Há pouco mais de cinqüenta anos, em 1961, Alfredo Ceschiatti 
inaugurava a sua emblemática escultura “A Justiça”, na frente do 
edifício sede do Supremo Tribunal Federal, na Praça dos Três Poderes, em 
Brasília. A alegoria, realizada em granito de Petrópolis, mede 3,30m de 
altura por 1,48m de largura e, ao contrário da maior parte da 
multissecular iconografia da Justiça, retrata uma Têmis sentada, 
desprovida de balança e com a espada a repousar sobre o colo. Não 
há rebuscamento, grandes volteios ou recantos impenetráveis na sua 
plasticidade. Há, sim, um certo eco concretista na obra, com seu volume 
compacto, suas formas simétricas e econômicas. As linhas concisas e sem 
interrupções imprimem à figura de Ceschiatti uma seriedade art déco. 
Cuida-se de uma Justiça austera e solene, cujos ângulos bem marcados, 
a postura ereta e o pesado panejamento dão-lhe um ar hierático e 
formal. 
Durante as cinco últimas décadas, foram ácidas e muitas as críticas 
ideológicas à Iustitia de Ceschiatti. Não por acaso, a estátua serve com 
frequência de cenário midiático para os protestos que clamam por 
justiça em Brasília. Mas como pode uma Justiça sentada? Só pode estar 
preguiçosa e acomodada, apesar do tanto ainda por fazer! E por que 
não brande uma espada? Fraqueza! Impotência! E a balança onde 
está?
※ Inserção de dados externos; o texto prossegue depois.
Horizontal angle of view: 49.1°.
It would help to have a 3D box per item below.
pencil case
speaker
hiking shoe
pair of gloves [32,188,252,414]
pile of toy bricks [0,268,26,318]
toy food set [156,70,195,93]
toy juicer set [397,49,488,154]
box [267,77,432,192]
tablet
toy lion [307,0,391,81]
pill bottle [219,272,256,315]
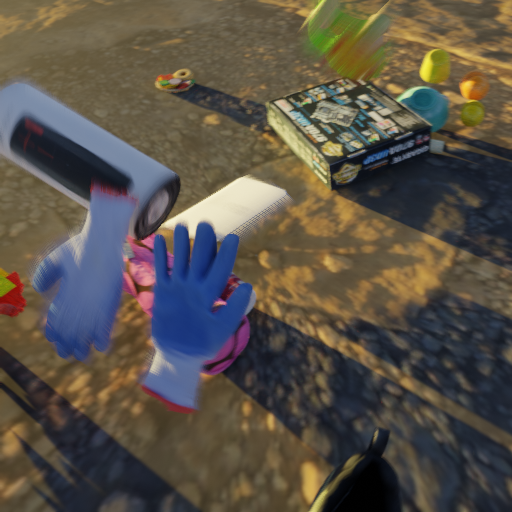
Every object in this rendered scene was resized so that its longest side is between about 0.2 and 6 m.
[{"bbox_3d":[-1.153,0.510,7.554,1.085,1.120,2.390,-36,52,-25],"label":"pencil case"},{"bbox_3d":[-2.384,-1.305,7.672,2.610,1.060,1.060,32,48,9],"label":"speaker"},{"bbox_3d":[0.593,2.914,4.528,1.146,1.524,3.027,10,42,11],"label":"hiking shoe"},{"bbox_3d":[-1.475,0.446,6.673,2.821,2.268,0.321,20,7,18],"label":"pair of gloves"},{"bbox_3d":[-3.970,1.261,6.772,1.421,1.596,2.878,36,29,-2],"label":"pile of toy bricks"},{"bbox_3d":[-1.965,-4.251,13.647,0.943,0.229,0.934,-8,42,-9],"label":"toy food set"},{"bbox_3d":[3.763,-2.950,11.849,1.803,0.771,2.834,33,76,21],"label":"toy juicer set"},{"bbox_3d":[1.778,-2.610,11.258,2.218,0.642,2.790,-22,45,-12],"label":"box"},{"bbox_3d":[-0.490,-0.793,9.297,1.173,0.123,1.803,23,47,40],"label":"tablet"},{"bbox_3d":[1.559,-3.611,9.569,1.477,1.415,0.507,23,72,-1],"label":"toy lion"},{"bbox_3d":[-0.487,0.464,8.071,0.528,0.528,0.926,-30,49,-29],"label":"pill bottle"}]
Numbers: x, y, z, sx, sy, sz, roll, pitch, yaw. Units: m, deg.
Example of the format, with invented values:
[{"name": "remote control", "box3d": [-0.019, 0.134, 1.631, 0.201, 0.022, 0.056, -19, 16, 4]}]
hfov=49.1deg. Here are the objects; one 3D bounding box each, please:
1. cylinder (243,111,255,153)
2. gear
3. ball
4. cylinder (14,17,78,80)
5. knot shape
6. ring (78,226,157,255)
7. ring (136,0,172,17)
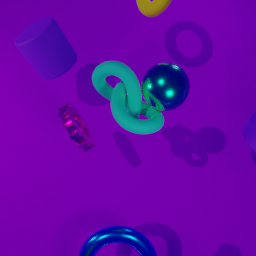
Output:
[{"name": "cylinder", "box3d": [3.215, -0.094, 5.621, 1.266, 1.266, 1.266, 11, 45, -12]}, {"name": "gear", "box3d": [-1.142, -0.013, 6.350, 0.217, 1.173, 1.173, -31, 79, 6]}, {"name": "ball", "box3d": [0.659, -0.723, 4.930, 0.847, 0.847, 0.847, 0, 78, 0]}, {"name": "cylinder", "box3d": [-2.020, -1.974, 7.004, 1.119, 1.119, 1.119, -18, 42, 17]}, {"name": "knot shape", "box3d": [0.055, -0.429, 5.155, 0.722, 1.563, 1.462, -36, 54, 3]}, {"name": "ring", "box3d": [-0.229, 3.052, 6.280, 1.809, 0.362, 1.809, 0, 99, 0]}, {"name": "ring", "box3d": [0.690, -3.543, 6.686, 0.338, 1.691, 1.691, 2, 76, -28]}]
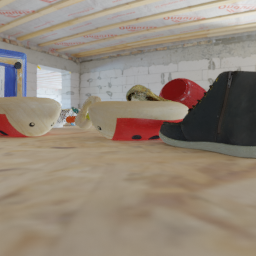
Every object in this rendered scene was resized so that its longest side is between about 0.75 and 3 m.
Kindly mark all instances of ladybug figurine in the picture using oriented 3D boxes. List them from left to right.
[{"bbox_3d":[-2.690,-0.283,6.945,2.526,0.908,1.714,3,5,44],"label":"ladybug figurine"},{"bbox_3d":[0.265,-0.171,6.023,2.224,0.800,1.510,-1,4,-9],"label":"ladybug figurine"}]

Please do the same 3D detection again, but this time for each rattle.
[{"bbox_3d":[-1.157,-0.342,9.474,1.304,1.189,1.826,5,-20,-34],"label":"rattle"}]

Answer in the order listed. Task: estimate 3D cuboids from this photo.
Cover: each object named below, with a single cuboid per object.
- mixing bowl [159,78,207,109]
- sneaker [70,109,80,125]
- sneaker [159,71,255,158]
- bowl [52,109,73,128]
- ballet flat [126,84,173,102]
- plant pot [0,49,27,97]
[{"bbox_3d":[1.639,-0.959,8.971,1.707,1.707,0.925,2,-27,35],"label":"mixing bowl"},{"bbox_3d":[-1.776,-0.462,11.879,0.856,0.740,1.975,6,5,15],"label":"sneaker"},{"bbox_3d":[1.313,-0.260,4.507,0.824,1.170,2.204,-2,4,-31],"label":"sneaker"},{"bbox_3d":[-2.717,-0.368,10.213,1.463,0.686,1.463,1,4,0],"label":"bowl"},{"bbox_3d":[0.816,-0.461,7.380,2.115,0.748,0.748,34,17,21],"label":"ballet flat"},{"bbox_3d":[-4.934,-1.352,9.241,2.926,2.926,2.631,-3,10,-42],"label":"plant pot"}]
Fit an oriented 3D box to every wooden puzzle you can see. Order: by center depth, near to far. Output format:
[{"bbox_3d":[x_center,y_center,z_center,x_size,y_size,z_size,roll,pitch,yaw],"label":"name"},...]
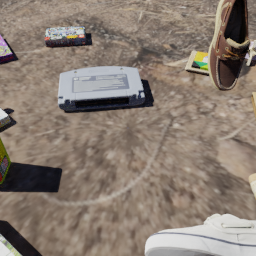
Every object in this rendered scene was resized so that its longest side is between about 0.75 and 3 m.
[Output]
[{"bbox_3d":[2.573,-2.156,9.161,1.175,0.236,1.270,15,46,15],"label":"wooden puzzle"}]

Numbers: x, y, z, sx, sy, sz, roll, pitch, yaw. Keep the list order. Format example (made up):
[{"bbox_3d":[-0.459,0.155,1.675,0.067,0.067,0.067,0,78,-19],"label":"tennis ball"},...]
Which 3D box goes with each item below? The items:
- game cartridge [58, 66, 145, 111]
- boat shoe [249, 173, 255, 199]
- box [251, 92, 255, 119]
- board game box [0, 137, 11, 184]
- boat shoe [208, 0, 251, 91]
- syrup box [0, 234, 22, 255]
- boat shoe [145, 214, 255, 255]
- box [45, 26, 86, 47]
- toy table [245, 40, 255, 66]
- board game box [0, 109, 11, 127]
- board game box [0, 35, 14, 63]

Quem já viu uma Justiça sem balança?! De onde ela retira a 
medida justa e ponderada para dar a cada um o que é seu? Espada 
sem balança é arbítrio e violência desmedidos! Só um Estado totalitário 
abrigaria uma Justiça assim construída! Isso é coisa de comunista! 
O artista plástico Ceschiatti e o arquiteto Niemeyer conheceram-se no 
início dos anos de 1940 e desde então estabeleceram uma profíqua 
parceria estética. A estatuária cívica ou religiosa de Ceschiatti é vista em 
 
3 ALIMENA, Bernardino. Il Delitto Nell' Arte: Prolusione al Corso di Diritto e Procedura Penale nella R. 
Università di Cagliari. Torino: Fratelli Bocca, 1899, p. 13-17.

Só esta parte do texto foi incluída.